**What to work on:**
Find how many lines in the entries below carry the word "computer" and answer with only that figure.

**Data listing:**
----

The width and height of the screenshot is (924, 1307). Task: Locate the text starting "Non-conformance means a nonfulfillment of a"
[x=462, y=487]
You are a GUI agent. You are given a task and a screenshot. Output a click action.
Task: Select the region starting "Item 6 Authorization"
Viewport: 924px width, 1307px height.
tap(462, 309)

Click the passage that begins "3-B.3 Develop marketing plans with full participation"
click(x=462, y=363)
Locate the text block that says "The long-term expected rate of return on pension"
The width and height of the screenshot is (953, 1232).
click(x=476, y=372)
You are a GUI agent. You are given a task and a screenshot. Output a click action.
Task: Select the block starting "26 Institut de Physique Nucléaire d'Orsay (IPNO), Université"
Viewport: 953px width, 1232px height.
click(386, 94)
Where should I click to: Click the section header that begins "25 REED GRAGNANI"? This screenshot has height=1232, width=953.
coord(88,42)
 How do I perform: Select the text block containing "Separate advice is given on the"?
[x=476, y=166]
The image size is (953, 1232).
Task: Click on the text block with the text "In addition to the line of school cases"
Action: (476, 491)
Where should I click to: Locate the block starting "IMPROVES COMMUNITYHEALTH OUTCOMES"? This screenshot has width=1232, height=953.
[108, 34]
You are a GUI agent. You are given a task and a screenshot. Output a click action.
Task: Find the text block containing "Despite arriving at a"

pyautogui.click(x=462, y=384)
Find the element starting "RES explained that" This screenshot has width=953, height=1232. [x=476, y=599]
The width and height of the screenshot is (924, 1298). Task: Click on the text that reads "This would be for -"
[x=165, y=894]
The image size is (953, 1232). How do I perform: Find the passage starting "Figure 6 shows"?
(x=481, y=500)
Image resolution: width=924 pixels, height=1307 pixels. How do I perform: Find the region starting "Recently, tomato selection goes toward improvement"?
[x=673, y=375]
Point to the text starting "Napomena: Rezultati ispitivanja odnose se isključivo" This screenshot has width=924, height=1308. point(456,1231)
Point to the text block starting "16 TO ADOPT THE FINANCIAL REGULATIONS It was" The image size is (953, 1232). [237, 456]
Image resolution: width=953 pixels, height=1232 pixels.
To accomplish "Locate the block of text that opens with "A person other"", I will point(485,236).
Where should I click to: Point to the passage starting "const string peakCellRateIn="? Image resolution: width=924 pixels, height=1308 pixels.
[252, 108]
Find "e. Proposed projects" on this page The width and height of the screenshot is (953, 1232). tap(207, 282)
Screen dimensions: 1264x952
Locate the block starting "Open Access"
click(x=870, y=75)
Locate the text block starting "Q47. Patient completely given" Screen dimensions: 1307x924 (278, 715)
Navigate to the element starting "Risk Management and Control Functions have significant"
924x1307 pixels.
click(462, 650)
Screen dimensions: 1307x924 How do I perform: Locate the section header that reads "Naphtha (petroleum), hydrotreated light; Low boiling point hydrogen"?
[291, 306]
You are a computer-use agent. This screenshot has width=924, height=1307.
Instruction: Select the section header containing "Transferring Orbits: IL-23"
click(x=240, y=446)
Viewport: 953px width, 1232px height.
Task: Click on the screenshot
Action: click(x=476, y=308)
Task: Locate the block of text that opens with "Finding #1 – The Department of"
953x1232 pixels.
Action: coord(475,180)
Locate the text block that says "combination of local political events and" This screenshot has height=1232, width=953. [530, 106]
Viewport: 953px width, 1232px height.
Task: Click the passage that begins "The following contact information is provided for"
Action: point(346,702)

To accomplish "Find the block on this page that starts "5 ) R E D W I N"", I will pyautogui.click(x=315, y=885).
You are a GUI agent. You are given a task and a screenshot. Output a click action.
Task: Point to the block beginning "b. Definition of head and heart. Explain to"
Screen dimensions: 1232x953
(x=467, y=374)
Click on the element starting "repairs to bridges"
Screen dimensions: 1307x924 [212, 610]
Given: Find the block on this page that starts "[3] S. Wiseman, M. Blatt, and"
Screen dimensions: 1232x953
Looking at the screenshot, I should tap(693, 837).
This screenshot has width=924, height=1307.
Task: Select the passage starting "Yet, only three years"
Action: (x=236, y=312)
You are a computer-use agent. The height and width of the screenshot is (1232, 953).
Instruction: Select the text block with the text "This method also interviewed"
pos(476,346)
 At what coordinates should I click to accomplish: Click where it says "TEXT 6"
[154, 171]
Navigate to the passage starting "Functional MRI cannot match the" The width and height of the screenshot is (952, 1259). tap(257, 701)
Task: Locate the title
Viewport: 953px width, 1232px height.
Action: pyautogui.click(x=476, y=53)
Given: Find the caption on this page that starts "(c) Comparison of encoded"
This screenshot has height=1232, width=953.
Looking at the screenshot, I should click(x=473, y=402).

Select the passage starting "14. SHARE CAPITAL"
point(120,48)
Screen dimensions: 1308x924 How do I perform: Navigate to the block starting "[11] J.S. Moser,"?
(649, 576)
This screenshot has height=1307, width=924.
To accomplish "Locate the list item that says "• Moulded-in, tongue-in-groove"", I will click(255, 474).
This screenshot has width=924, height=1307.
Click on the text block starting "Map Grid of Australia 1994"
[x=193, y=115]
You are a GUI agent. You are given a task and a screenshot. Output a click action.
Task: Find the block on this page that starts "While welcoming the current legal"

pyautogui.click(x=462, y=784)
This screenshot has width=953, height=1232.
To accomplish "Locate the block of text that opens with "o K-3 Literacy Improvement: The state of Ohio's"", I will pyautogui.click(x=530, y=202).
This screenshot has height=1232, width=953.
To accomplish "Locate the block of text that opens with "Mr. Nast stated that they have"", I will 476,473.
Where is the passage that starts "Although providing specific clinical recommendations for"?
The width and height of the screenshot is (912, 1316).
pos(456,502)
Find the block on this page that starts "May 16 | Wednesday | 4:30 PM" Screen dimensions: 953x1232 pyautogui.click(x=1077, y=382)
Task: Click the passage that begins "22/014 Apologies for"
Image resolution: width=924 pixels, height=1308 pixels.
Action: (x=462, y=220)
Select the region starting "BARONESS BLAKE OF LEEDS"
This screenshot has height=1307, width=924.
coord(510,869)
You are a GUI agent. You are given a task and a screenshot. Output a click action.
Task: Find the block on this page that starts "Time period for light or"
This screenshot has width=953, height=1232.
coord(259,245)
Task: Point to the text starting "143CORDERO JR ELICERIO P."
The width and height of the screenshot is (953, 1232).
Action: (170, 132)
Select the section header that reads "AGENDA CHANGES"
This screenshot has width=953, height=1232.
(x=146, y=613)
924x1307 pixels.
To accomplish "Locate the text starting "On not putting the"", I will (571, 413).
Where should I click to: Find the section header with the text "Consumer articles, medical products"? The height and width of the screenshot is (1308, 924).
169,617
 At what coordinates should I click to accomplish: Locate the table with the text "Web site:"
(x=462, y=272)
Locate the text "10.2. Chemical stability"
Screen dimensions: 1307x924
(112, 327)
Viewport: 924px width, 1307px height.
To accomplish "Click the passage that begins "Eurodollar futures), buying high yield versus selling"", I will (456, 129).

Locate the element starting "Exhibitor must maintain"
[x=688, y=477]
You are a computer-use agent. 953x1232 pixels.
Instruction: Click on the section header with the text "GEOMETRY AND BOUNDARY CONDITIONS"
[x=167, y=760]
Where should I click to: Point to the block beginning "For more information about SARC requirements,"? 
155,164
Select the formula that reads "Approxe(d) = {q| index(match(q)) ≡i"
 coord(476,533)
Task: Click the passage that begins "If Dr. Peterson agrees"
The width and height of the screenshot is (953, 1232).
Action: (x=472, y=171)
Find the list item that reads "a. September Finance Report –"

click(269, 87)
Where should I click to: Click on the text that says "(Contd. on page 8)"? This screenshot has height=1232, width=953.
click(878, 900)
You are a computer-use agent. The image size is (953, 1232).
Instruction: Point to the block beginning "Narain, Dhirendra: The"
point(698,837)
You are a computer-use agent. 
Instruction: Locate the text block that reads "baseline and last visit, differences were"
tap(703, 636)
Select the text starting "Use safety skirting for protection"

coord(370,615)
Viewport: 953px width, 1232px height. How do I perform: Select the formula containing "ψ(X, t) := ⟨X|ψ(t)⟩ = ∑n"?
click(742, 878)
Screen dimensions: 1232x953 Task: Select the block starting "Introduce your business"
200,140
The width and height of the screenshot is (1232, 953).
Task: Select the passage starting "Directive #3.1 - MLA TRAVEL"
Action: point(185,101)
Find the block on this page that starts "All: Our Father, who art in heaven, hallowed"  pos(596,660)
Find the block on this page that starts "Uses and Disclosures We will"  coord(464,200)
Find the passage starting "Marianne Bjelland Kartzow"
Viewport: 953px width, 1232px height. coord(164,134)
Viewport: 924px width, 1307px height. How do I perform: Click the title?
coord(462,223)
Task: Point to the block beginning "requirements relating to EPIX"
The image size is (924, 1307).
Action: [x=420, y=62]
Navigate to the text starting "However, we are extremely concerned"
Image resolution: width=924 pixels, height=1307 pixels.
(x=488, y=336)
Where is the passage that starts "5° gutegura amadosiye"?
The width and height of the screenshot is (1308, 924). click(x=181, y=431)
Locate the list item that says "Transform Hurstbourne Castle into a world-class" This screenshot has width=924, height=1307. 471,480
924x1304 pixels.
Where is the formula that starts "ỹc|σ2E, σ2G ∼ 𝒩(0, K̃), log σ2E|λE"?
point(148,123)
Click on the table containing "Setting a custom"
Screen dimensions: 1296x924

----

**Your solution:**
5